===== Study material

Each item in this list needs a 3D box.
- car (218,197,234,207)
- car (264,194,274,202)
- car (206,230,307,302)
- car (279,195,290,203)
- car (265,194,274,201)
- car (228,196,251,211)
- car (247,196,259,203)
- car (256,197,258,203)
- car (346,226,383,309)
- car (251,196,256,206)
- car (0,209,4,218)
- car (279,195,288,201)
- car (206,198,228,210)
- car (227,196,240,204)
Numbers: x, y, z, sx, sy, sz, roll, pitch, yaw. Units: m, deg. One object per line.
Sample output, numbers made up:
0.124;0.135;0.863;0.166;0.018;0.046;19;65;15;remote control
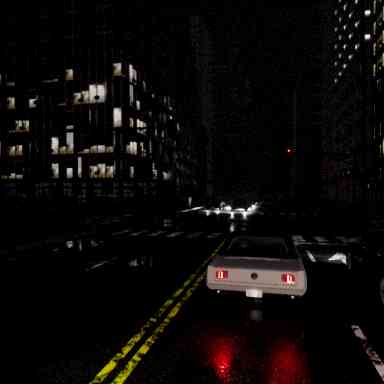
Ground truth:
5.455;1.567;53.040;1.895;1.301;4.718;0;0;13;car
16.419;1.530;70.821;1.895;1.301;4.718;0;0;13;car
1.702;1.597;8.344;1.895;1.301;4.718;0;0;14;car
19.480;1.474;69.639;2.033;1.411;5.357;0;0;13;car
18.704;1.285;80.525;2.128;1.511;4.902;0;0;13;car
5.894;1.503;40.731;1.812;1.442;4.674;0;0;13;car
12.823;1.485;69.733;2.033;1.411;5.357;0;0;13;car
10.352;1.558;59.539;1.895;1.301;4.718;0;0;14;car
4.832;1.501;7.441;1.837;1.490;4.892;0;0;13;car
8.014;1.460;49.733;2.128;1.511;4.902;0;0;13;car
-17.326;1.435;26.673;4.313;1.339;1.947;1;1;14;car
21.874;1.355;79.809;1.895;1.301;4.718;0;0;13;car
3.125;1.524;43.174;2.033;1.411;5.357;0;0;13;car
7.886;1.460;63.169;1.837;1.490;4.892;0;0;14;car
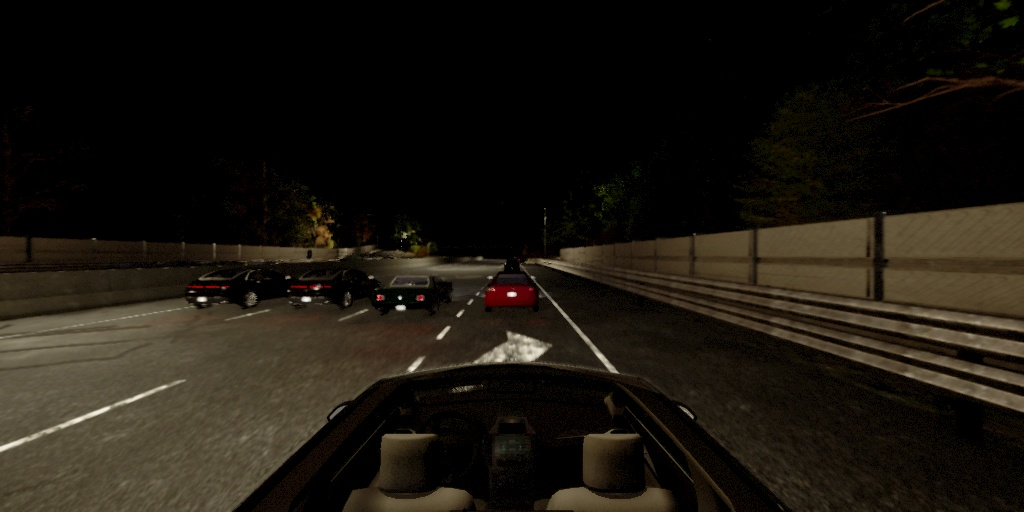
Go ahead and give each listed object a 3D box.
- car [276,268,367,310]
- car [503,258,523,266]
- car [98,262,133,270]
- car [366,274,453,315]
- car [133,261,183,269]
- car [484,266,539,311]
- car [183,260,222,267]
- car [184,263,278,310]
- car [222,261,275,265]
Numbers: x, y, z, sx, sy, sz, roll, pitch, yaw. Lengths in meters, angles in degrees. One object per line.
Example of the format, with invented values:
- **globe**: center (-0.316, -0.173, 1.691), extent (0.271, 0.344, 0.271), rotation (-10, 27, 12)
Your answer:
- **car**: center (-6.901, 1.203, 14.458), extent (1.837, 1.490, 4.892), rotation (0, 0, 0)
- **car**: center (-0.008, 1.126, 42.814), extent (1.837, 1.490, 4.892), rotation (0, 0, 0)
- **car**: center (-31.578, 1.195, 30.037), extent (2.033, 1.411, 5.357), rotation (0, 0, 0)
- **car**: center (-3.399, 1.304, 13.216), extent (1.895, 1.301, 4.718), rotation (0, 0, 0)
- **car**: center (-28.080, 1.124, 30.179), extent (1.882, 1.535, 5.008), rotation (0, 0, 0)
- **car**: center (-0.002, 1.264, 14.138), extent (1.994, 1.385, 4.181), rotation (0, 0, 0)
- **car**: center (-24.582, 1.153, 30.447), extent (1.837, 1.490, 4.892), rotation (0, 0, 0)
- **car**: center (-10.403, 1.203, 14.454), extent (1.837, 1.490, 4.892), rotation (0, 0, 0)
- **car**: center (-21.085, 1.195, 30.243), extent (2.033, 1.411, 5.357), rotation (0, 0, 0)
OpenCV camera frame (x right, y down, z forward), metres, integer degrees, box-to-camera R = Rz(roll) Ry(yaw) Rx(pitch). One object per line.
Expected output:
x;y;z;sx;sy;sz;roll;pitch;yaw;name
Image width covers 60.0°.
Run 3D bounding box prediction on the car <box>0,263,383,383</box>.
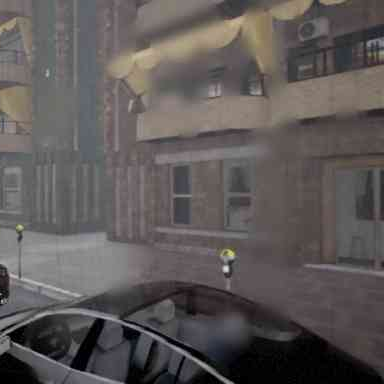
-0.588;1.556;3.151;4.313;1.339;1.947;0;-1;35;car

==========

▶ _Problem description_: Begin at the first line of the records above and quote every line verbatim through the one that contains "0.124;0.135;0.863;0.166;0.018;0.046;19;65;15;remote control".

▶ _Expected answer_:
Each item in this list needs a 3D box.
- car (218,197,234,207)
- car (264,194,274,202)
- car (206,230,307,302)
- car (279,195,290,203)
- car (265,194,274,201)
- car (228,196,251,211)
- car (247,196,259,203)
- car (256,197,258,203)
- car (346,226,383,309)
- car (251,196,256,206)
- car (0,209,4,218)
- car (279,195,288,201)
- car (206,198,228,210)
- car (227,196,240,204)
Numbers: x, y, z, sx, sy, sz, roll, pitch, yaw. Units: m, deg. One object per line.
Sample output, numbers made up:
0.124;0.135;0.863;0.166;0.018;0.046;19;65;15;remote control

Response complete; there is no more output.